Read Lieberman's Law Online

Authors: Stuart M. Kaminsky

Munger took a deep breath and did what was definitely not acceptable procedure. He too turned right far too close to the Toyota, which clipped Munger's fender sending the patrol car into a spin on the wet side street. Munger righted the car, took another deep breath, and went down the side street, trying to remember the neighborhood he was in. The Oldsmobile was going north on the next street. Munger was heading north. The Olds could do a lot of things including pulling into a driveway and heading back to Dempster. Munger's instincts told him it wasn't likely. The man in the Olds hadn't seen Munger make the same dangerous move he had and probably thought there was a cop back on Dempster trying to find a way to go after him down the street. If the man in the Olds behaved the way Munger thought he would behave, he would get away from the neighborhood, from Skokie, as fast as he could. The problem was, the Olds driver probably didn't know the streets. Munger called in his location, turned off his siren and flashing light and sped up. On these side streets no one but a woman in a yellow raincoat with a little dog on a leash was walking in the rain. The real danger was cars on the cross streets. At the first corner, Munger looked right and saw nothing. He took a chance, went even faster and came to the street in front of the park and the school at the T intersection. He turned right. If the Olds had kept going he would hit this T and have to turn right or left. Left might lead him into the police car that was following him. Munger bet on a right turn.

The policeman turned and thought he caught sight of a car turning down another street a few blocks down. Munger pursued looking down each street as he went, seeing no Olds. When he got to the street where he thought he had seen a turning car, there it was, a block ahead, moving slower, inside the speed limit, trying to avoid notice. Munger drove to the next block, turned left and went north, paralleling the Olds on the next street but going well above the speed limit.

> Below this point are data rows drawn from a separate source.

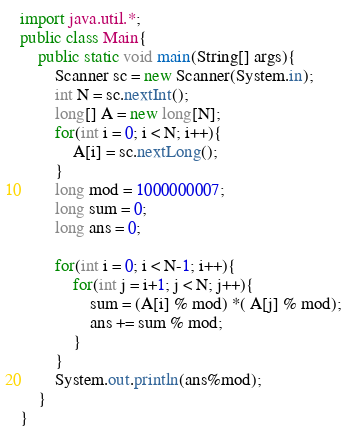<code> <loc_0><loc_0><loc_500><loc_500><_Java_>import java.util.*;
public class Main{
	public static void main(String[] args){
		Scanner sc = new Scanner(System.in);
		int N = sc.nextInt();
		long[] A = new long[N];
		for(int i = 0; i < N; i++){
			A[i] = sc.nextLong();
		}
		long mod = 1000000007;
		long sum = 0;
		long ans = 0;
		
		for(int i = 0; i < N-1; i++){
			for(int j = i+1; j < N; j++){
				sum = (A[i] % mod) *( A[j] % mod);
 				ans += sum % mod;
			}
		}
		System.out.println(ans%mod);
	}
}</code> 
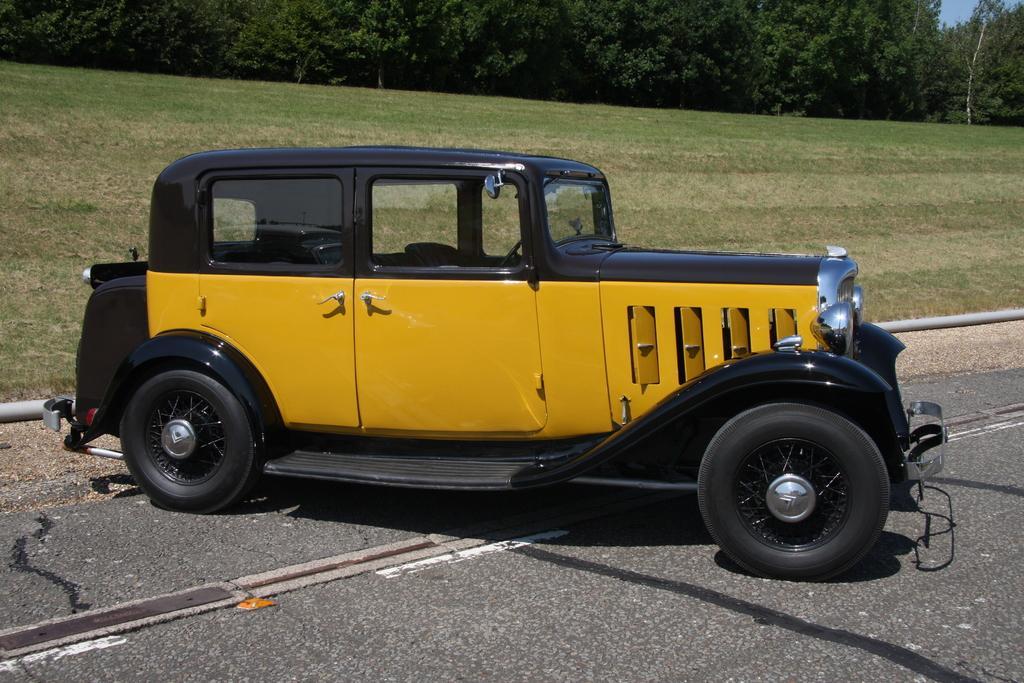Please provide a concise description of this image. In this image we can see many trees. There is a grassy land in the image. There is a sky at the right side of the image. There is a vehicle in the image. There is a pipe in the image.

If the timing was right … Munger made a sharp left turn, drove the short block and then turned left again. The Olds was right in front, facing him, maybe thirty yards away. The man in the car stopped. Policeman and suspect looked at each other through the swishing of their windshield wipers. The Olds began to back down the street but the driver couldn't control the car at the speed he was trying to move. He hit a parked car and stalled. Munger gave his location on the radio, said he was in foot pursuit of the suspect, and got out, shielding himself with the open door of his patrol car, window rolled down, weapon in his dark hands leveled at the driver's door of the Oldsmobile.

Munger screamed, “Come out with your hands up.”

He wasn't sure if the suspect heard him. He reached into his car for the bullhorn, and spoke into it after switching it on, “Come out of your vehicle. If you cannot do so, open your window, and put both arms out where I can see them.”

There was no movement from the stalled Oldsmobile but a few faces did appear at the windows of the small brick homes on either side of the street. Munger wanted to keep his weapon leveled at the Olds but he reached for the bullhorn again and said, “Will all of you in your homes get away from the windows? Move to the back of your homes.”

He threw the bullhorn onto the seat. People moved away from the windows. Sweat mixed now with the drizzle- and Munger's blue uniform was getting decidedly wet. He had not had time to put on his raincoat that lay in the back seat of the patrol car.

Suddenly the door of the Oldsmobile opened. A man stepped out. He was around thirty, maybe younger, dark, wearing a raincoat, and carrying an automatic weapon of some kind in his hands.

“Stop,” Munger shouted, taking aim.

Massad fired. A burst of shots hit the patrol car, breaking windows and lights, penetrating the hood. One shot went right through the door behind which Munger was crouched. It missed him by the width of a palm. Munger fired as the man moved across the street, still firing his weapon. The man ran with a definite limp. And then the man stopped for an instant, but just an instant, and Munger was certain he had hit him. The next burst from the limping man sent two rounds through the door, both less than a foot from officer Munger, who felt fear and anger. This man meant to kill him. The feeling was now mutual. Munger stood up to fire. The street was empty. He looked at the sidewalk.

Empty. He looked back at the Olds for an instant but knew that the limping man would not head for the stalled car.

Police sirens came from the south. Munger, firearm at the ready, moved to the site where he thought he had hit the suspect. The rain had almost stopped now but it hadn't washed away the splatter of blood on the street. The blood trailed to the right. Munger followed and when he hit the sidewalk, the bloody trail stopped. The limping man had done something to halt the bleeding, a piece of cloth, a torn shirt.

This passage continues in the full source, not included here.